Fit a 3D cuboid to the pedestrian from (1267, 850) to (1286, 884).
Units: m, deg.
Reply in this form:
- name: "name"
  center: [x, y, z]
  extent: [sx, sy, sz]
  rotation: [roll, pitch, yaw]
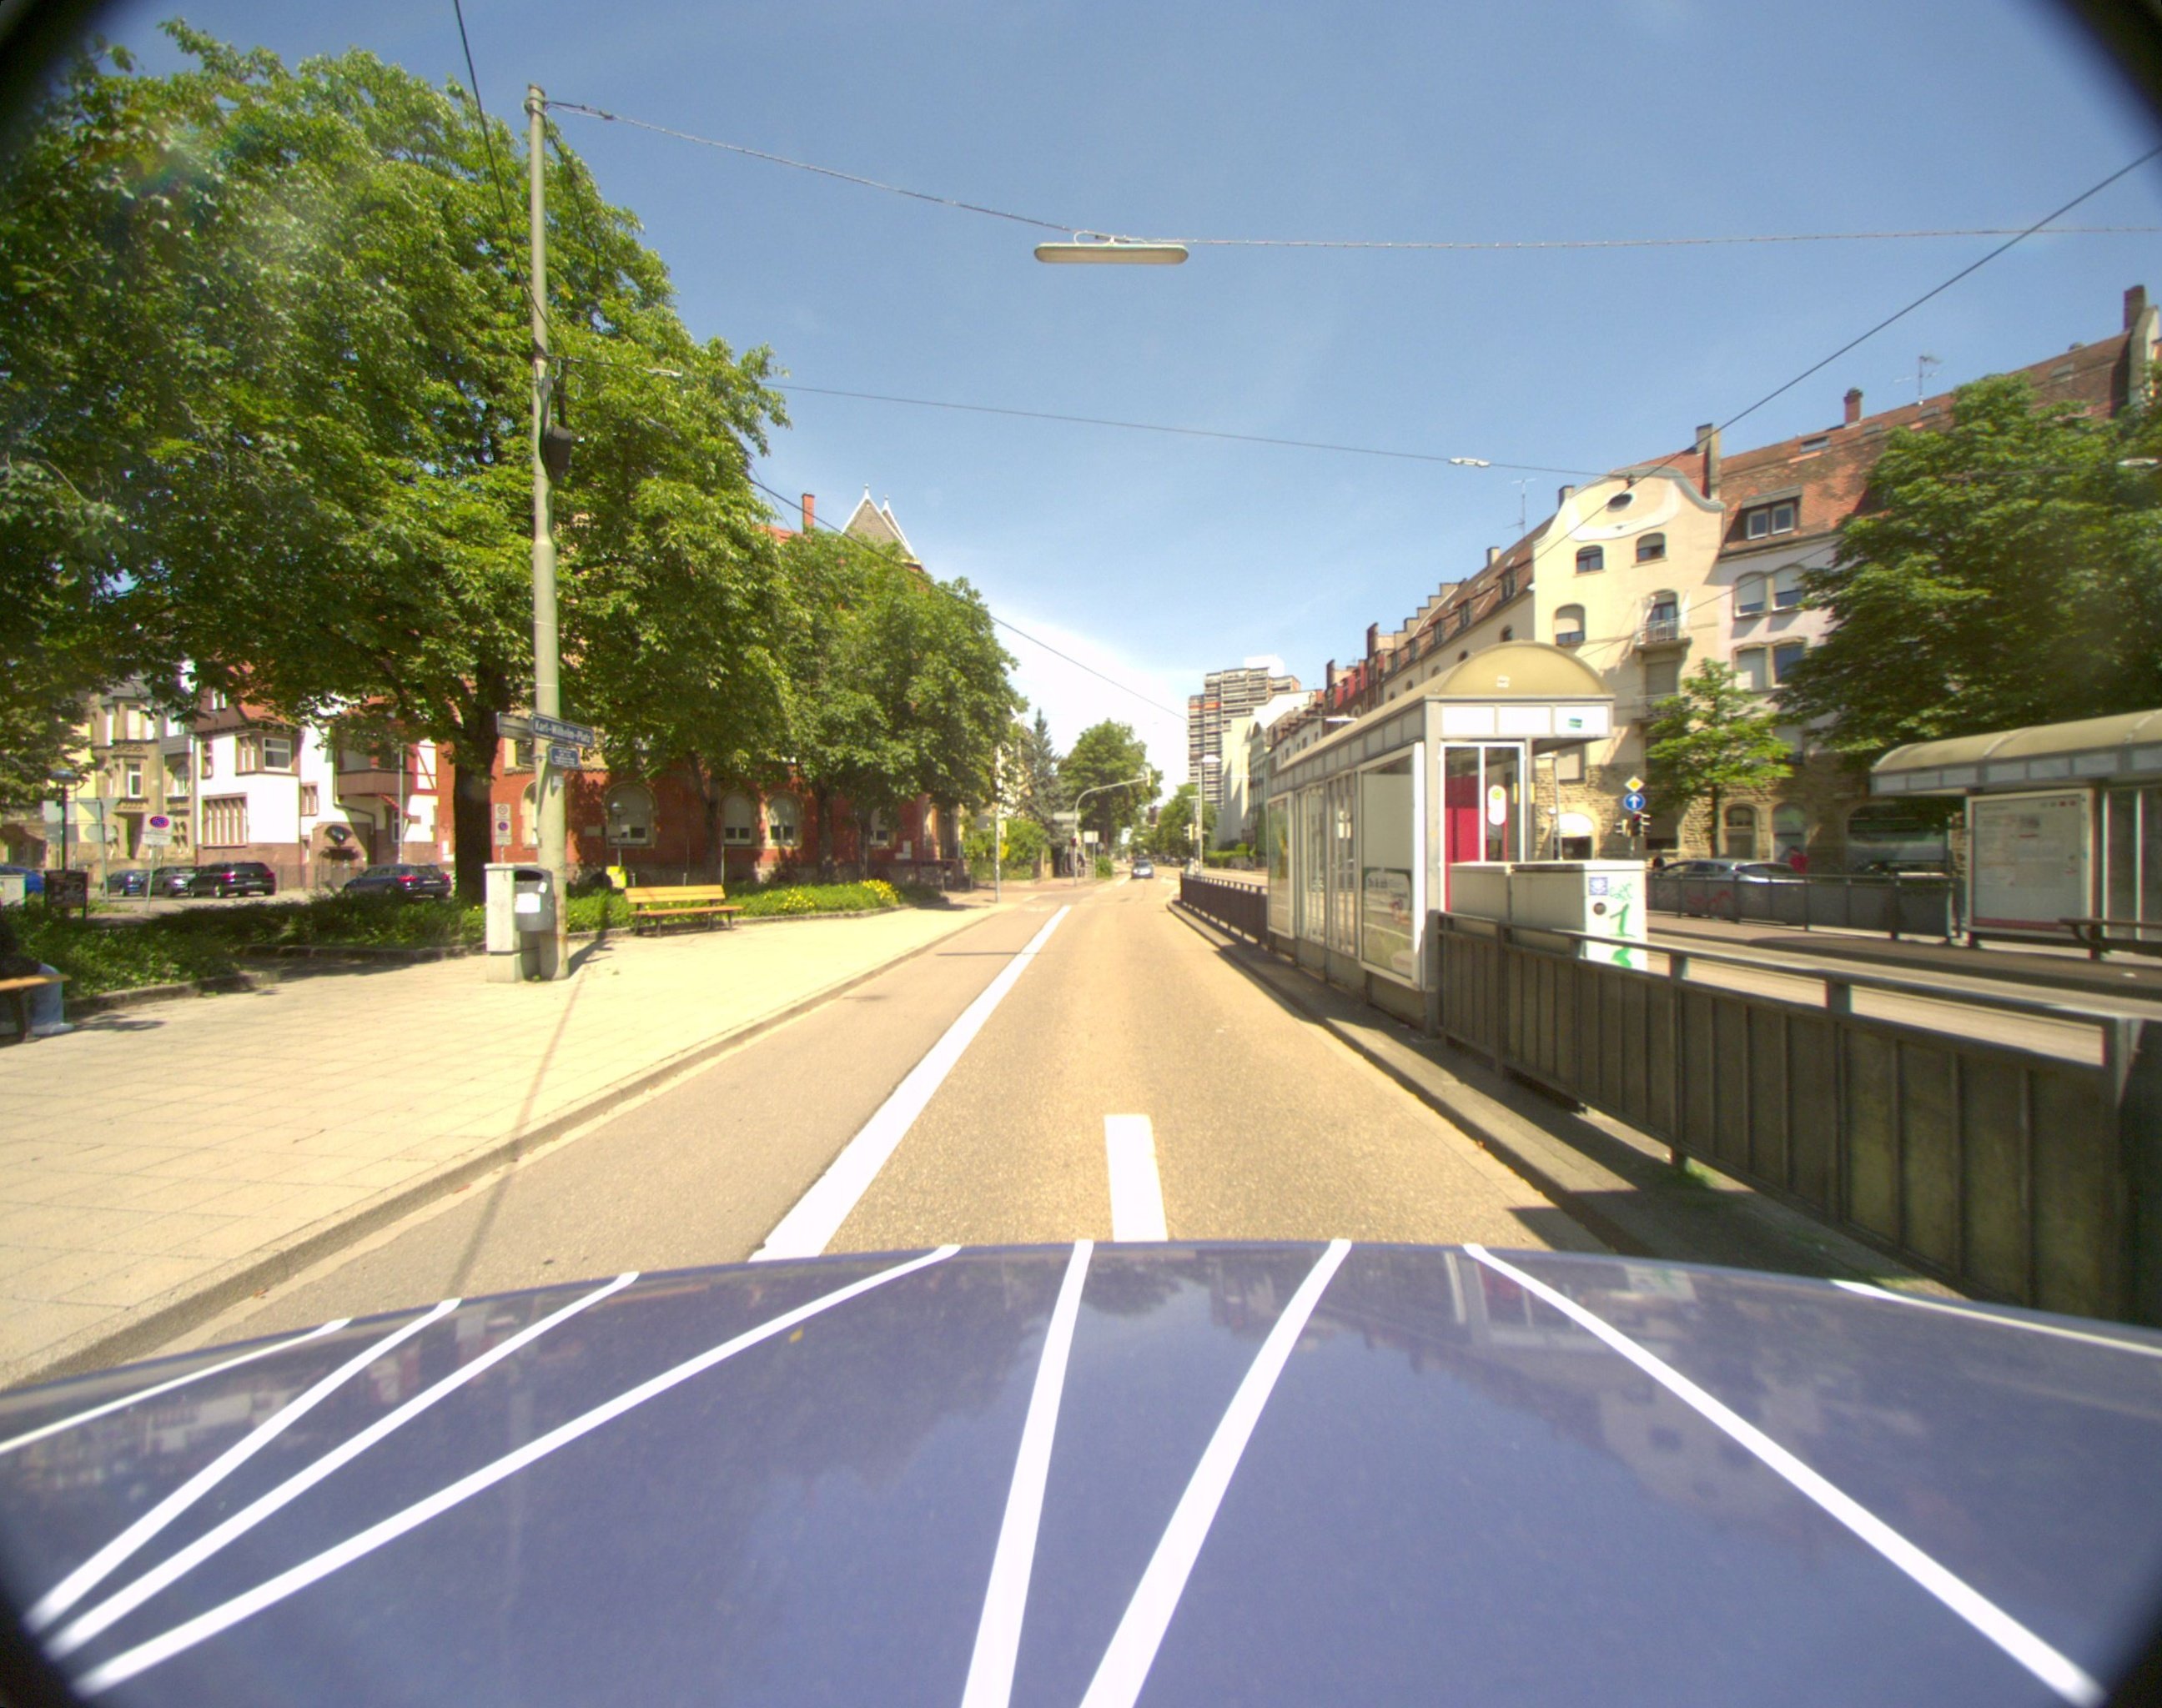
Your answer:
- name: "pedestrian"
  center: [10.663, 0.704, 41.434]
  extent: [0.838, 1.813, 0.673]
  rotation: [0, 0, -3]

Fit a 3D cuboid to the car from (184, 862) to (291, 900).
- name: "car"
  center: [-39.592, 1.275, 35.669]
  extent: [4.299, 1.608, 1.941]
  rotation: [-2, 1, 23]

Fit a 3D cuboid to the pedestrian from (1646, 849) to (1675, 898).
- name: "pedestrian"
  center: [19.338, 0.641, 25.357]
  extent: [0.594, 1.637, 0.474]
  rotation: [0, 0, 5]

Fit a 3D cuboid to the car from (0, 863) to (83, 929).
- name: "car"
  center: [-32.846, 1.301, 22.030]
  extent: [1.934, 1.869, 4.315]
  rotation: [-2, 1, 23]

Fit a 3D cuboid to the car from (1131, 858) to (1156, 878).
- name: "car"
  center: [5.008, 1.084, 60.901]
  extent: [1.895, 1.372, 4.001]
  rotation: [-2, 1, 5]

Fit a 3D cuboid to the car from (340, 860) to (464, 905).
- name: "car"
  center: [-27.046, 1.132, 30.290]
  extent: [4.299, 1.608, 1.941]
  rotation: [-2, 1, 23]

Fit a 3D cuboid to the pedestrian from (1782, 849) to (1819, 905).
- name: "pedestrian"
  center: [20.110, 0.629, 21.234]
  extent: [0.594, 1.542, 0.474]
  rotation: [0, 0, -1]

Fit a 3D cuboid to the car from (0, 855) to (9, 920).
- name: "car"
  center: [-37.662, 1.201, 23.798]
  extent: [1.934, 2.178, 4.315]
  rotation: [-2, 1, 23]

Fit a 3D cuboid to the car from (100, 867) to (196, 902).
- name: "car"
  center: [-48.426, 1.573, 39.437]
  extent: [4.299, 1.608, 1.941]
  rotation: [-2, 1, 23]

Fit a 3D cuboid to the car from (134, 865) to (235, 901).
- name: "car"
  center: [-44.152, 1.431, 37.415]
  extent: [4.299, 1.608, 1.941]
  rotation: [-2, 1, 23]

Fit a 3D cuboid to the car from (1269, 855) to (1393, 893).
- name: "car"
  center: [11.047, 0.893, 33.623]
  extent: [5.024, 1.474, 1.941]
  rotation: [-2, 1, 20]

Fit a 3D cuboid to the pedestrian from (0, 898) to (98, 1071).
- name: "pedestrian"
  center: [-7.745, 0.909, 5.422]
  extent: [0.566, 1.136, 0.725]
  rotation: [0, 1, -16]

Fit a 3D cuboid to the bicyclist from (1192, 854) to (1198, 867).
- name: "bicyclist"
  center: [16.393, 0.948, 109.522]
  extent: [0.644, 1.864, 0.716]
  rotation: [-2, 1, -2]

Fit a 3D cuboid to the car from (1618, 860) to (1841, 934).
- name: "car"
  center: [14.836, 0.902, 17.731]
  extent: [1.812, 1.386, 3.999]
  rotation: [-2, 1, 1]

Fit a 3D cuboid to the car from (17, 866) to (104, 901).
- name: "car"
  center: [-59.181, 1.712, 44.082]
  extent: [4.299, 1.862, 1.941]
  rotation: [-2, 1, 23]

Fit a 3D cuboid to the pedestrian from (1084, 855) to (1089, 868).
- name: "pedestrian"
  center: [0.757, 1.006, 103.367]
  extent: [0.686, 1.732, 0.660]
  rotation: [-2, 1, 3]

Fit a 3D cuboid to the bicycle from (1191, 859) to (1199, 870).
- name: "bicycle"
  center: [16.425, 1.548, 109.538]
  extent: [0.644, 1.503, 1.970]
  rotation: [-2, 1, -2]

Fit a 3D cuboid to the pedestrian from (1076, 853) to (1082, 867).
- name: "pedestrian"
  center: [-0.237, 0.737, 90.115]
  extent: [0.702, 1.645, 0.665]
  rotation: [0, 0, 1]

-------------------------

*WHAT TO PRODUCE*
Please transcribe every entry above exactly, leaving out any pictures.

*RESPONSE BELOW*
Fit a 3D cuboid to the pedestrian from (1267, 850) to (1286, 884).
Units: m, deg.
Reply in this form:
- name: "name"
  center: [x, y, z]
  extent: [sx, sy, sz]
  rotation: [roll, pitch, yaw]
Your answer:
- name: "pedestrian"
  center: [10.663, 0.704, 41.434]
  extent: [0.838, 1.813, 0.673]
  rotation: [0, 0, -3]

Fit a 3D cuboid to the car from (184, 862) to (291, 900).
- name: "car"
  center: [-39.592, 1.275, 35.669]
  extent: [4.299, 1.608, 1.941]
  rotation: [-2, 1, 23]

Fit a 3D cuboid to the pedestrian from (1646, 849) to (1675, 898).
- name: "pedestrian"
  center: [19.338, 0.641, 25.357]
  extent: [0.594, 1.637, 0.474]
  rotation: [0, 0, 5]

Fit a 3D cuboid to the car from (0, 863) to (83, 929).
- name: "car"
  center: [-32.846, 1.301, 22.030]
  extent: [1.934, 1.869, 4.315]
  rotation: [-2, 1, 23]

Fit a 3D cuboid to the car from (1131, 858) to (1156, 878).
- name: "car"
  center: [5.008, 1.084, 60.901]
  extent: [1.895, 1.372, 4.001]
  rotation: [-2, 1, 5]

Fit a 3D cuboid to the car from (340, 860) to (464, 905).
- name: "car"
  center: [-27.046, 1.132, 30.290]
  extent: [4.299, 1.608, 1.941]
  rotation: [-2, 1, 23]

Fit a 3D cuboid to the pedestrian from (1782, 849) to (1819, 905).
- name: "pedestrian"
  center: [20.110, 0.629, 21.234]
  extent: [0.594, 1.542, 0.474]
  rotation: [0, 0, -1]

Fit a 3D cuboid to the car from (0, 855) to (9, 920).
- name: "car"
  center: [-37.662, 1.201, 23.798]
  extent: [1.934, 2.178, 4.315]
  rotation: [-2, 1, 23]

Fit a 3D cuboid to the car from (100, 867) to (196, 902).
- name: "car"
  center: [-48.426, 1.573, 39.437]
  extent: [4.299, 1.608, 1.941]
  rotation: [-2, 1, 23]

Fit a 3D cuboid to the car from (134, 865) to (235, 901).
- name: "car"
  center: [-44.152, 1.431, 37.415]
  extent: [4.299, 1.608, 1.941]
  rotation: [-2, 1, 23]

Fit a 3D cuboid to the car from (1269, 855) to (1393, 893).
- name: "car"
  center: [11.047, 0.893, 33.623]
  extent: [5.024, 1.474, 1.941]
  rotation: [-2, 1, 20]

Fit a 3D cuboid to the pedestrian from (0, 898) to (98, 1071).
- name: "pedestrian"
  center: [-7.745, 0.909, 5.422]
  extent: [0.566, 1.136, 0.725]
  rotation: [0, 1, -16]

Fit a 3D cuboid to the bicyclist from (1192, 854) to (1198, 867).
- name: "bicyclist"
  center: [16.393, 0.948, 109.522]
  extent: [0.644, 1.864, 0.716]
  rotation: [-2, 1, -2]

Fit a 3D cuboid to the car from (1618, 860) to (1841, 934).
- name: "car"
  center: [14.836, 0.902, 17.731]
  extent: [1.812, 1.386, 3.999]
  rotation: [-2, 1, 1]

Fit a 3D cuboid to the car from (17, 866) to (104, 901).
- name: "car"
  center: [-59.181, 1.712, 44.082]
  extent: [4.299, 1.862, 1.941]
  rotation: [-2, 1, 23]

Fit a 3D cuboid to the pedestrian from (1084, 855) to (1089, 868).
- name: "pedestrian"
  center: [0.757, 1.006, 103.367]
  extent: [0.686, 1.732, 0.660]
  rotation: [-2, 1, 3]

Fit a 3D cuboid to the bicycle from (1191, 859) to (1199, 870).
- name: "bicycle"
  center: [16.425, 1.548, 109.538]
  extent: [0.644, 1.503, 1.970]
  rotation: [-2, 1, -2]

Fit a 3D cuboid to the pedestrian from (1076, 853) to (1082, 867).
- name: "pedestrian"
  center: [-0.237, 0.737, 90.115]
  extent: [0.702, 1.645, 0.665]
  rotation: [0, 0, 1]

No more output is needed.